Data records
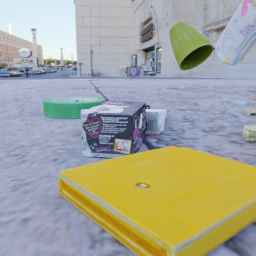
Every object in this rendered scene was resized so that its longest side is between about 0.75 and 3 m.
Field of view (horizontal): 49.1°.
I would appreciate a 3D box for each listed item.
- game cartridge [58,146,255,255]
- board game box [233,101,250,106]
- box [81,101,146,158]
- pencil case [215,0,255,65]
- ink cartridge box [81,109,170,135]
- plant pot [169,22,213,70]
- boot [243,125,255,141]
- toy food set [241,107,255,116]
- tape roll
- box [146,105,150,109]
[{"bbox_3d":[0.708,0.881,4.233,2.722,0.442,2.399,-7,14,-38],"label":"game cartridge"},{"bbox_3d":[5.680,-1.232,14.057,0.597,0.144,0.789,10,16,37],"label":"board game box"},{"bbox_3d":[-0.274,-0.041,6.734,1.202,1.043,1.819,3,13,12],"label":"box"},{"bbox_3d":[3.678,-3.056,8.577,1.095,1.195,2.634,-7,-19,-10],"label":"pencil case"},{"bbox_3d":[0.062,-0.289,9.218,2.355,0.728,2.903,3,3,15],"label":"ink cartridge box"},{"bbox_3d":[2.379,-3.446,11.364,1.508,1.612,1.508,-23,-20,-9],"label":"plant pot"},{"bbox_3d":[3.425,0.190,6.993,1.039,0.486,1.336,5,12,19],"label":"boot"},{"bbox_3d":[5.127,-0.630,11.291,0.879,0.265,0.630,-2,25,-5],"label":"toy food set"},{"bbox_3d":[-2.181,-0.897,11.549,2.530,0.608,2.530,-1,13,0],"label":"tape roll"},{"bbox_3d":[0.105,-0.831,11.946,1.335,0.291,1.070,-11,17,-41],"label":"box"}]
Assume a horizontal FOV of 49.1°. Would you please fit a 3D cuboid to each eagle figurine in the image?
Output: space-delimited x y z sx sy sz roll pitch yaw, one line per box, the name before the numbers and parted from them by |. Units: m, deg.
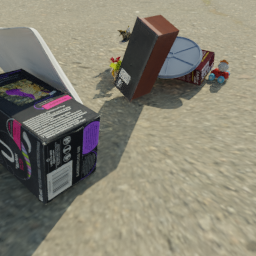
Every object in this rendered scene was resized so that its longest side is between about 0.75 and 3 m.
eagle figurine | 0.073 -3.898 11.875 0.874 0.869 1.152 -47 57 -5

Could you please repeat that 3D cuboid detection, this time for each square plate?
square plate | -2.453 -1.503 7.190 2.674 2.649 0.380 16 57 35

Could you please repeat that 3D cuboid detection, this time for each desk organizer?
desk organizer | 0.536 -2.226 9.184 1.042 2.707 0.971 -26 64 -36

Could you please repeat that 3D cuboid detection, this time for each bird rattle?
bird rattle | -0.504 -2.286 10.889 0.619 0.895 1.098 -5 24 -14

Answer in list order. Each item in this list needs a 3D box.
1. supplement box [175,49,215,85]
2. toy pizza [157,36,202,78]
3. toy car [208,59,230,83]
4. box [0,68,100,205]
supplement box | 2.061 -2.681 11.332 2.470 0.752 1.344 22 56 28
toy pizza | 1.599 -2.654 10.659 2.384 0.378 2.384 -6 52 8
toy car | 3.649 -2.330 10.999 0.737 0.833 0.768 25 42 28
box | -2.276 0.041 6.663 2.951 1.804 1.565 30 39 28

How to complete this task
Reproduce the material above in full, exactly, with no images.

Solution below
Every object in this rendered scene was resized so that its longest side is between about 0.75 and 3 m.
Field of view (horizontal): 49.1°.
I would appreciate a 3D box for each listed item.
- game cartridge [58,146,255,255]
- board game box [233,101,250,106]
- box [81,101,146,158]
- pencil case [215,0,255,65]
- ink cartridge box [81,109,170,135]
- plant pot [169,22,213,70]
- boot [243,125,255,141]
- toy food set [241,107,255,116]
- tape roll
- box [146,105,150,109]
[{"bbox_3d":[0.708,0.881,4.233,2.722,0.442,2.399,-7,14,-38],"label":"game cartridge"},{"bbox_3d":[5.680,-1.232,14.057,0.597,0.144,0.789,10,16,37],"label":"board game box"},{"bbox_3d":[-0.274,-0.041,6.734,1.202,1.043,1.819,3,13,12],"label":"box"},{"bbox_3d":[3.678,-3.056,8.577,1.095,1.195,2.634,-7,-19,-10],"label":"pencil case"},{"bbox_3d":[0.062,-0.289,9.218,2.355,0.728,2.903,3,3,15],"label":"ink cartridge box"},{"bbox_3d":[2.379,-3.446,11.364,1.508,1.612,1.508,-23,-20,-9],"label":"plant pot"},{"bbox_3d":[3.425,0.190,6.993,1.039,0.486,1.336,5,12,19],"label":"boot"},{"bbox_3d":[5.127,-0.630,11.291,0.879,0.265,0.630,-2,25,-5],"label":"toy food set"},{"bbox_3d":[-2.181,-0.897,11.549,2.530,0.608,2.530,-1,13,0],"label":"tape roll"},{"bbox_3d":[0.105,-0.831,11.946,1.335,0.291,1.070,-11,17,-41],"label":"box"}]
Assume a horizontal FOV of 49.1°. Would you please fit a 3D cuboid to each eagle figurine in the image?
Output: space-delimited x y z sx sy sz roll pitch yaw, one line per box, the name before the numbers and parted from them by |. Units: m, deg.
Every object in this rendered scene was resized so that its longest side is between about 0.75 and 3 m.
eagle figurine | 0.073 -3.898 11.875 0.874 0.869 1.152 -47 57 -5

Could you please repeat that 3D cuboid detection, this time for each square plate?
square plate | -2.453 -1.503 7.190 2.674 2.649 0.380 16 57 35

Could you please repeat that 3D cuboid detection, this time for each desk organizer?
desk organizer | 0.536 -2.226 9.184 1.042 2.707 0.971 -26 64 -36

Could you please repeat that 3D cuboid detection, this time for each bird rattle?
bird rattle | -0.504 -2.286 10.889 0.619 0.895 1.098 -5 24 -14

Answer in list order. Each item in this list needs a 3D box.
1. supplement box [175,49,215,85]
2. toy pizza [157,36,202,78]
3. toy car [208,59,230,83]
4. box [0,68,100,205]
supplement box | 2.061 -2.681 11.332 2.470 0.752 1.344 22 56 28
toy pizza | 1.599 -2.654 10.659 2.384 0.378 2.384 -6 52 8
toy car | 3.649 -2.330 10.999 0.737 0.833 0.768 25 42 28
box | -2.276 0.041 6.663 2.951 1.804 1.565 30 39 28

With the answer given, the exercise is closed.